■ **Problem to work on**: Which lines of the records contain the word "below"? Copy each one.

(Stored dataset items)
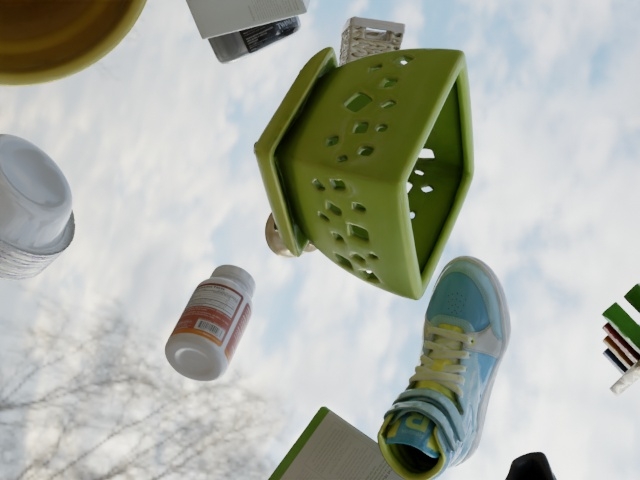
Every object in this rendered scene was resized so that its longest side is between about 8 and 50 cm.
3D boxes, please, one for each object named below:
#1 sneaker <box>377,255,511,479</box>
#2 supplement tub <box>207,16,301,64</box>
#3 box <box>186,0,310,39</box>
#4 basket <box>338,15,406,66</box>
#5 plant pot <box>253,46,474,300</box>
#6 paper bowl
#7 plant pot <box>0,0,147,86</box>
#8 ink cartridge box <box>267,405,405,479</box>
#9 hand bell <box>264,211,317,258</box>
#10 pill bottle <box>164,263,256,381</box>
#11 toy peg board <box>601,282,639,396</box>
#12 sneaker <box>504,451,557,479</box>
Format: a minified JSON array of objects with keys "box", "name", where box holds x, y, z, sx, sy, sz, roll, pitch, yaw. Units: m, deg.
[{"box":[0.168,0.187,1.345,0.127,0.208,0.319,9,-79,26],"name":"sneaker"},{"box":[-0.184,-0.535,1.992,0.193,0.193,0.316,2,-61,62],"name":"supplement tub"},{"box":[-0.105,-0.387,1.469,0.170,0.091,0.130,-11,-144,15],"name":"box"},{"box":[0.100,-0.387,1.984,0.167,0.113,0.103,-134,-129,-82],"name":"basket"},{"box":[0.054,-0.093,1.201,0.227,0.207,0.228,76,34,-50],"name":"plant pot"},{"box":[-0.569,-0.079,1.786,0.148,0.284,0.284,-37,-138,22],"name":"paper bowl"},{"box":[-0.303,-0.297,0.936,0.254,0.254,0.239,-67,-153,14],"name":"plant pot"},{"box":[0.055,0.403,1.474,0.255,0.097,0.189,32,-105,22],"name":"ink cartridge box"},{"box":[0.000,0.000,1.923,0.242,0.126,0.126,22,-84,58],"name":"hand bell"},{"box":[-0.197,0.148,1.827,0.121,0.121,0.216,-46,-166,42],"name":"pill bottle"},{"box":[0.385,0.086,1.115,0.079,0.161,0.160,50,-8,17],"name":"toy peg board"},{"box":[0.212,0.337,1.012,0.300,0.111,0.121,-72,154,-65],"name":"sneaker"}]
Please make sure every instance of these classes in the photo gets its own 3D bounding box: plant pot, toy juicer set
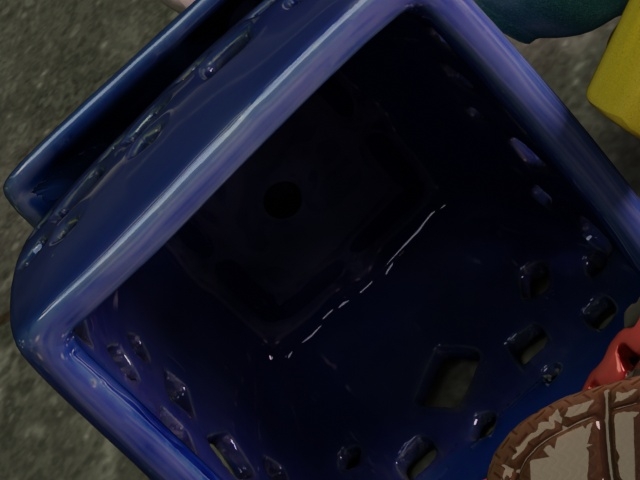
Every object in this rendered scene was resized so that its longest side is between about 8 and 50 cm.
[{"bbox_3d":[0.000,0.000,0.877,0.236,0.236,0.212,-43,28,3],"label":"plant pot"},{"bbox_3d":[0.113,-0.138,0.893,0.329,0.209,0.089,41,104,35],"label":"toy juicer set"}]

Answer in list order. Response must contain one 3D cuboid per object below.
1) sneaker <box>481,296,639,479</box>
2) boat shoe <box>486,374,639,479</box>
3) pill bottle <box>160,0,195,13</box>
[{"bbox_3d":[0.131,0.110,0.737,0.276,0.097,0.135,-41,34,9],"label":"sneaker"},{"bbox_3d":[0.189,0.096,0.646,0.258,0.095,0.095,-1,72,14],"label":"boat shoe"},{"bbox_3d":[-0.061,-0.284,1.278,0.162,0.162,0.278,-31,38,20],"label":"pill bottle"}]

■ **Exercise result**:
3D boxes, please, one for each object named below:
Answer in list order. Response must contain one 3D cuboid per object below.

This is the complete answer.